ON "players".id = "photos".player_id
WHERE "players".born_on < "1950-01-01";
It this is too coarse (i.e. it takes too long do execute each query) you should make the WHERE conditions even more fine-grained (perhaps delete one year each chunk).
Also there is a --purge
option for pt-archiver from Percona Toolkit which would split the data to be deleted in chunks automatically, but it doesn't seem to support the multi table case. See example usage of pt-archiver in this presentation
From your table definitions I see that you don't have an index on players.birth_date
(I suppose that this is the column you relate to as born_at
in your example queries). This makes the decade chunks approach useless, since every query would have to scan all players
table.
If you can't afford having a long table lock for the DELETE to finish, you most likely can't afford to create an index on the birth_date
column as well.
You could split the data on another column, PRIMARY KEY is a good bet. You can write a script which would process all the players in chunks of 10000 (or less or more, depending on the length of a single DELETE statement):
DELETE FROM "players","stats","photos"
USING "players"
LEFT JOIN "stats"
ON "players".id = "stats".player_id
LEFT JOIN "photos"
ON "players".id = "photos".player_id
WHERE "players".born_on < "1950-01-01"
AND "players".id BETWEEN n*10000+1 AND (n+1)*10000
Where n would be a parameter ranging from 0 to MAX(players.id)/10000 . This way you will avoid a full table scan (which certainly is painful for a 100M table)

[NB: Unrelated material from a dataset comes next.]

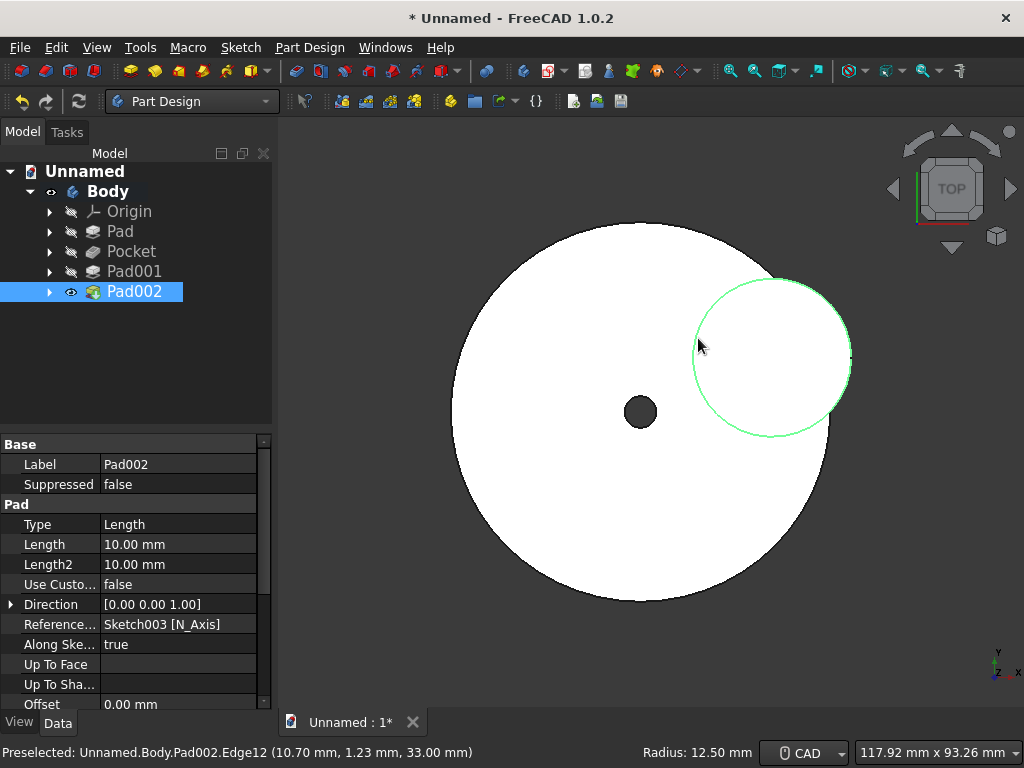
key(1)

You could also try to estimate the DELETE complexity with an EXPLAIN SELECT instead of DELETE:
EXPLAIN SELECT *
FROM "players"
LEFT JOIN "stats"
ON "players".id = "stats".player_id
LEFT JOIN "photos"
ON "players".id = "photos".player_id
WHERE "players".born_on < "1950-01-01"
AND "players".id BETWEEN 1 AND 10000
Best Answer
Quick Solution is to populate the ids to temp table and use Delete records from the table with Join to temp table.